_Work order:_ Transcribe all data verbatim. Skip the pictures.

_Data entries:_
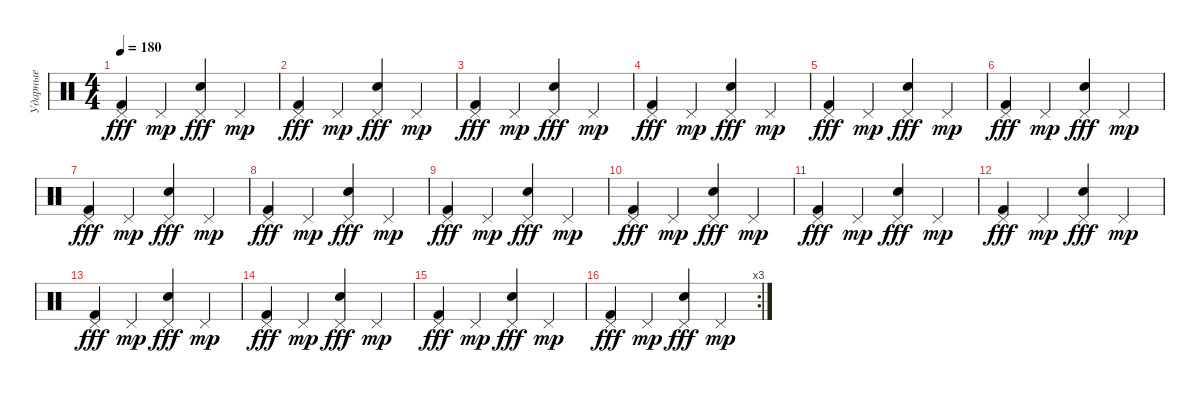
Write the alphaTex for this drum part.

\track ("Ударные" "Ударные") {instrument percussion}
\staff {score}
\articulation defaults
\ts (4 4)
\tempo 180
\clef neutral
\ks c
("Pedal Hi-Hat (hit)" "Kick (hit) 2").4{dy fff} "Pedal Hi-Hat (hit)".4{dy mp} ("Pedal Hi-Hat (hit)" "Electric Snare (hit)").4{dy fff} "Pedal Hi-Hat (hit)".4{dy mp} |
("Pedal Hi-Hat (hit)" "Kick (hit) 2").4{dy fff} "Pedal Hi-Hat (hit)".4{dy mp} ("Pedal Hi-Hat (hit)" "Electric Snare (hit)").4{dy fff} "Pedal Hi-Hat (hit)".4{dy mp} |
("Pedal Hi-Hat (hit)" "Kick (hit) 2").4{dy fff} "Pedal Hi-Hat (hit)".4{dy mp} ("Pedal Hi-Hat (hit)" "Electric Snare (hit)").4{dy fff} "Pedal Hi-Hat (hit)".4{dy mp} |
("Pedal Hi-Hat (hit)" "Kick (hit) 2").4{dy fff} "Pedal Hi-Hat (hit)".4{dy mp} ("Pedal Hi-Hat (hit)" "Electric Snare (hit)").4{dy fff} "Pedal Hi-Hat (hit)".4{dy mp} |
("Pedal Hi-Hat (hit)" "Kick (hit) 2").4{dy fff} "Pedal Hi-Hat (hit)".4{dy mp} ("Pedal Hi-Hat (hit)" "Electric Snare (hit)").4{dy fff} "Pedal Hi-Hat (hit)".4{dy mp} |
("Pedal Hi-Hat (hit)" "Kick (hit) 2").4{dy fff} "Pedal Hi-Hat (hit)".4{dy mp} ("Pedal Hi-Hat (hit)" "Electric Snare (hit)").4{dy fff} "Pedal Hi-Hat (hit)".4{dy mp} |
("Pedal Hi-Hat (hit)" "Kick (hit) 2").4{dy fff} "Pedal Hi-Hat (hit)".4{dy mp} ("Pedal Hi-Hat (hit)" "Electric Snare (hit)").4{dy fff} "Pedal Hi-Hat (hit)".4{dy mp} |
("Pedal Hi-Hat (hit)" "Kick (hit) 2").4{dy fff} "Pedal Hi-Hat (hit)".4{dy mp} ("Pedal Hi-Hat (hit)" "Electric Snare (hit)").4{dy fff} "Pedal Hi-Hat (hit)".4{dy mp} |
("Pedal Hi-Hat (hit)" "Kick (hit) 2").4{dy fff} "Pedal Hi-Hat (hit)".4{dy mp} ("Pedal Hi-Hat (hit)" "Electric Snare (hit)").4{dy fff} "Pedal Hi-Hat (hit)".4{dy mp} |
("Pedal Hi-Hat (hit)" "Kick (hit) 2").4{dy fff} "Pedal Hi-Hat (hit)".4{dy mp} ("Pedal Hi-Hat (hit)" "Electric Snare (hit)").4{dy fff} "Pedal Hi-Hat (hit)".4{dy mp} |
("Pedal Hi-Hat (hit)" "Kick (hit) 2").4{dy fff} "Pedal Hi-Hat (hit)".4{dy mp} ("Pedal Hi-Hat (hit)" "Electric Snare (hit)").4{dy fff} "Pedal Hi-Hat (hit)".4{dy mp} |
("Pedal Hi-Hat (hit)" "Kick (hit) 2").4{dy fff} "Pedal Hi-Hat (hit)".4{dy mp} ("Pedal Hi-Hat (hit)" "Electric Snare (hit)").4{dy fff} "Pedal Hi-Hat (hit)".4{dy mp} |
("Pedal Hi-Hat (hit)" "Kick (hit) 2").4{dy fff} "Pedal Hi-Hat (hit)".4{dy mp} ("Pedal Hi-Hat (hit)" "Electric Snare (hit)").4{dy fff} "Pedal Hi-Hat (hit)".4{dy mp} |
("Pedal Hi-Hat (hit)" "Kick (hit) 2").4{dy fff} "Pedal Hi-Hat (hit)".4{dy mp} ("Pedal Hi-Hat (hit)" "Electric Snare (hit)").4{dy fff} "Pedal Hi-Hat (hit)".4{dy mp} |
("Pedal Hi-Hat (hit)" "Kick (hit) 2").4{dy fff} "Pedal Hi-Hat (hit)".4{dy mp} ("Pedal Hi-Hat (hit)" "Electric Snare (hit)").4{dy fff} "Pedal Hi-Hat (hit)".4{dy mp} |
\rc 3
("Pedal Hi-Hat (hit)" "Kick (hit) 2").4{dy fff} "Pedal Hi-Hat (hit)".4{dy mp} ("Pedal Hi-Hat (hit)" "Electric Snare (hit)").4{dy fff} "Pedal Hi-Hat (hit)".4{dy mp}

_Written reply:_
Write the alphaTex for this drum part.

\track ("Ударные" "Ударные") {instrument percussion}
\staff {score}
\articulation defaults
\ts (4 4)
\tempo 180
\clef neutral
\ks c
("Pedal Hi-Hat (hit)" "Kick (hit) 2").4{dy fff} "Pedal Hi-Hat (hit)".4{dy mp} ("Pedal Hi-Hat (hit)" "Electric Snare (hit)").4{dy fff} "Pedal Hi-Hat (hit)".4{dy mp} |
("Pedal Hi-Hat (hit)" "Kick (hit) 2").4{dy fff} "Pedal Hi-Hat (hit)".4{dy mp} ("Pedal Hi-Hat (hit)" "Electric Snare (hit)").4{dy fff} "Pedal Hi-Hat (hit)".4{dy mp} |
("Pedal Hi-Hat (hit)" "Kick (hit) 2").4{dy fff} "Pedal Hi-Hat (hit)".4{dy mp} ("Pedal Hi-Hat (hit)" "Electric Snare (hit)").4{dy fff} "Pedal Hi-Hat (hit)".4{dy mp} |
("Pedal Hi-Hat (hit)" "Kick (hit) 2").4{dy fff} "Pedal Hi-Hat (hit)".4{dy mp} ("Pedal Hi-Hat (hit)" "Electric Snare (hit)").4{dy fff} "Pedal Hi-Hat (hit)".4{dy mp} |
("Pedal Hi-Hat (hit)" "Kick (hit) 2").4{dy fff} "Pedal Hi-Hat (hit)".4{dy mp} ("Pedal Hi-Hat (hit)" "Electric Snare (hit)").4{dy fff} "Pedal Hi-Hat (hit)".4{dy mp} |
("Pedal Hi-Hat (hit)" "Kick (hit) 2").4{dy fff} "Pedal Hi-Hat (hit)".4{dy mp} ("Pedal Hi-Hat (hit)" "Electric Snare (hit)").4{dy fff} "Pedal Hi-Hat (hit)".4{dy mp} |
("Pedal Hi-Hat (hit)" "Kick (hit) 2").4{dy fff} "Pedal Hi-Hat (hit)".4{dy mp} ("Pedal Hi-Hat (hit)" "Electric Snare (hit)").4{dy fff} "Pedal Hi-Hat (hit)".4{dy mp} |
("Pedal Hi-Hat (hit)" "Kick (hit) 2").4{dy fff} "Pedal Hi-Hat (hit)".4{dy mp} ("Pedal Hi-Hat (hit)" "Electric Snare (hit)").4{dy fff} "Pedal Hi-Hat (hit)".4{dy mp} |
("Pedal Hi-Hat (hit)" "Kick (hit) 2").4{dy fff} "Pedal Hi-Hat (hit)".4{dy mp} ("Pedal Hi-Hat (hit)" "Electric Snare (hit)").4{dy fff} "Pedal Hi-Hat (hit)".4{dy mp} |
("Pedal Hi-Hat (hit)" "Kick (hit) 2").4{dy fff} "Pedal Hi-Hat (hit)".4{dy mp} ("Pedal Hi-Hat (hit)" "Electric Snare (hit)").4{dy fff} "Pedal Hi-Hat (hit)".4{dy mp} |
("Pedal Hi-Hat (hit)" "Kick (hit) 2").4{dy fff} "Pedal Hi-Hat (hit)".4{dy mp} ("Pedal Hi-Hat (hit)" "Electric Snare (hit)").4{dy fff} "Pedal Hi-Hat (hit)".4{dy mp} |
("Pedal Hi-Hat (hit)" "Kick (hit) 2").4{dy fff} "Pedal Hi-Hat (hit)".4{dy mp} ("Pedal Hi-Hat (hit)" "Electric Snare (hit)").4{dy fff} "Pedal Hi-Hat (hit)".4{dy mp} |
("Pedal Hi-Hat (hit)" "Kick (hit) 2").4{dy fff} "Pedal Hi-Hat (hit)".4{dy mp} ("Pedal Hi-Hat (hit)" "Electric Snare (hit)").4{dy fff} "Pedal Hi-Hat (hit)".4{dy mp} |
("Pedal Hi-Hat (hit)" "Kick (hit) 2").4{dy fff} "Pedal Hi-Hat (hit)".4{dy mp} ("Pedal Hi-Hat (hit)" "Electric Snare (hit)").4{dy fff} "Pedal Hi-Hat (hit)".4{dy mp} |
("Pedal Hi-Hat (hit)" "Kick (hit) 2").4{dy fff} "Pedal Hi-Hat (hit)".4{dy mp} ("Pedal Hi-Hat (hit)" "Electric Snare (hit)").4{dy fff} "Pedal Hi-Hat (hit)".4{dy mp} |
\rc 3
("Pedal Hi-Hat (hit)" "Kick (hit) 2").4{dy fff} "Pedal Hi-Hat (hit)".4{dy mp} ("Pedal Hi-Hat (hit)" "Electric Snare (hit)").4{dy fff} "Pedal Hi-Hat (hit)".4{dy mp}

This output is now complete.